15th Jun2017

‘Mandy’ Blu-ray Review

by Paul Metcalf

Stars: Mandy Miller, Phyllis Calvert, Jack Hawkins, Terence Morgan, Godfrey Tearle, Marjorie Fielding, Nancy Price, Edward Chapman, Patricia Plunkett, Eleanor Summerfield, Colin Gordon | Written by Nigel Balchin, Jack Whittingham | Directed by Alexander Mackendrick


When you watch Mandy, you can’t help but feel it was a film ahead of its time. The story of a deaf girl unable to speak, the new Blu-ray is the perfect chance to watch the movie again.

When Mandy’s (Mandy Miller) parents discover that their child is deaf, they struggle to help her communicate not only with the outside world, but with themselves too. When Christine (Phyllis Calvert), the mother, decides to take Mandy to a school for deaf children, her husband’s reluctance to allow this puts a strain on their marriage.

What is impressive about Mandy is that it doesn’t over dramatise the story of a little girl trapped in her own little world, but take a serious tone that pushes the most important element at the audience, the well-being of Mandy.

While her parents fight over how she should be looked after, throughout the film we see the girl come out of her shell and learn how to communicate. It is telling that it is Mandy’s teacher Searle (Jack Hawkins) that sums up the problem with the parents when he simply tells them he doesn’t care about their marital problems, he just wants to be able to teach and help the children. Though arguably some of his actions have caused further problems in the marriage.

In the film, while the actress who plays Mandy may not have been really deaf, she puts on a performance that easily gives that impression. We are able to see the girl’s frustration at not being able to communicate, there are also moments that all sound in the film is cut off to further place us into her world. What is most important though is the way we see her learn to speak.

Filmed with the help of a school for deaf children, the techniques used with Mandy are realistic and further push that the importance is pulling the character out of the little world she is trapped in. The inclusion of deaf children in the film also further adds to the heart-warming nature of the film, as we see that with help, they are able to blossom.
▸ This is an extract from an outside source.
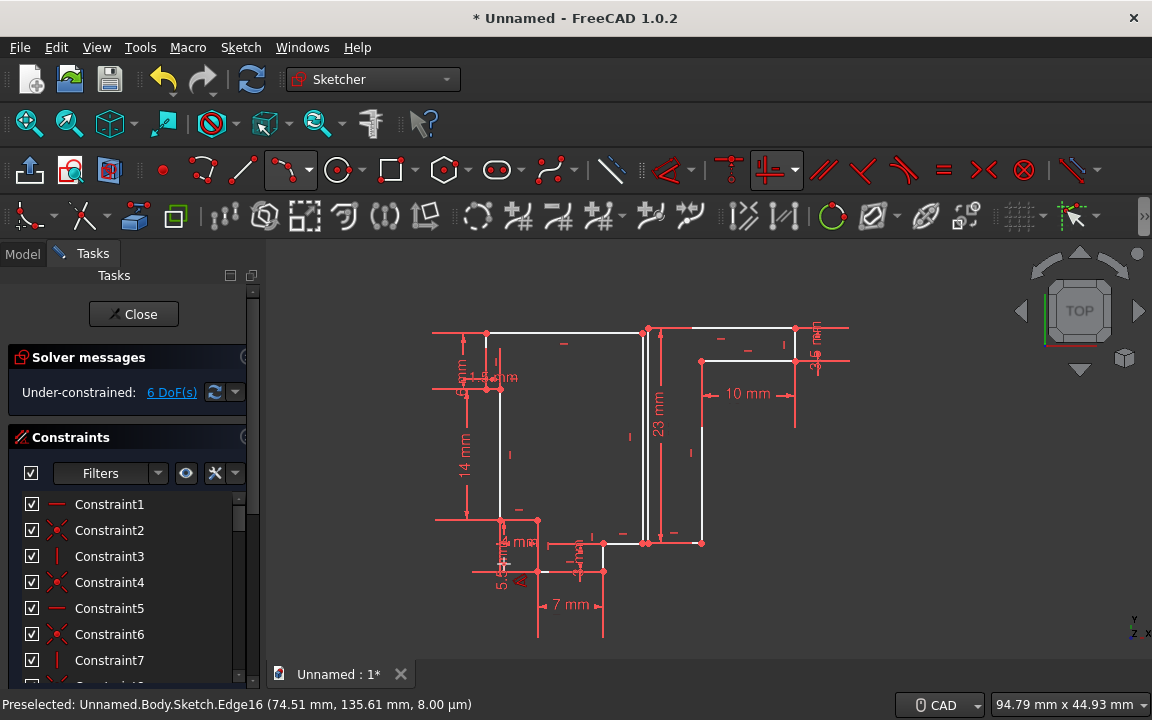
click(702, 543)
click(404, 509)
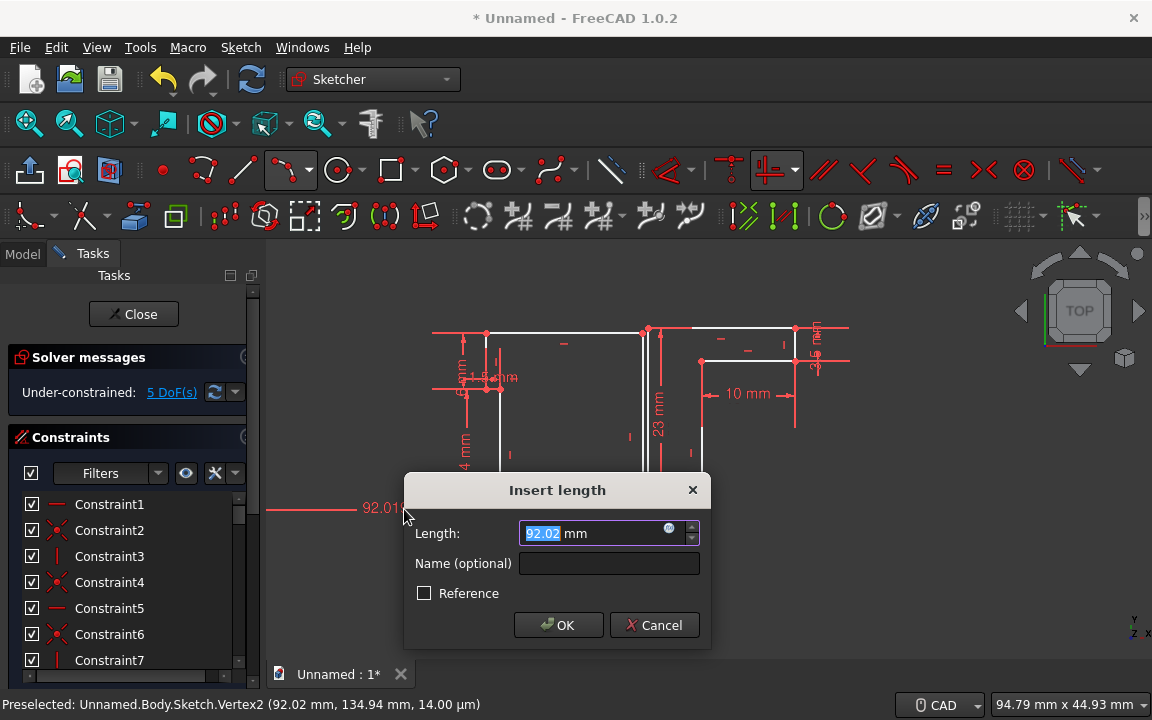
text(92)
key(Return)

If anything, it is the blindness of the able-bodied that holds them back.

One thing to note about Mandy is that it is very much a film of its time, but also one that pushes against the social norms. We have the father (Terence Morgan) who expects his wife to do as she is told, and that it is his job to help Mandy, even if it holds her back in the progress. It is his pigheadedness that is the major hurdle in the film, and he can be an annoying character. While his actions can be understood, they can never be said to be right. If anything, he represents the blindness of stuffiness of a society that needed to change, to provide help instead of hinder it.

Now celebrating its 65-year anniversary this is the perfect time to watch Mandy. It shows how far we’ve come from a time of almost being ashamed of people society classes as “not normal” and how now thankfully, we look to understanding and education as an approach to helping instead of hindering them. With a brilliant performance by Mandy Miller, this is one movie that manages to stick in your mind for a long time.

***** 5/5

Mandy is available on DVD and Blu-ray in the UK now.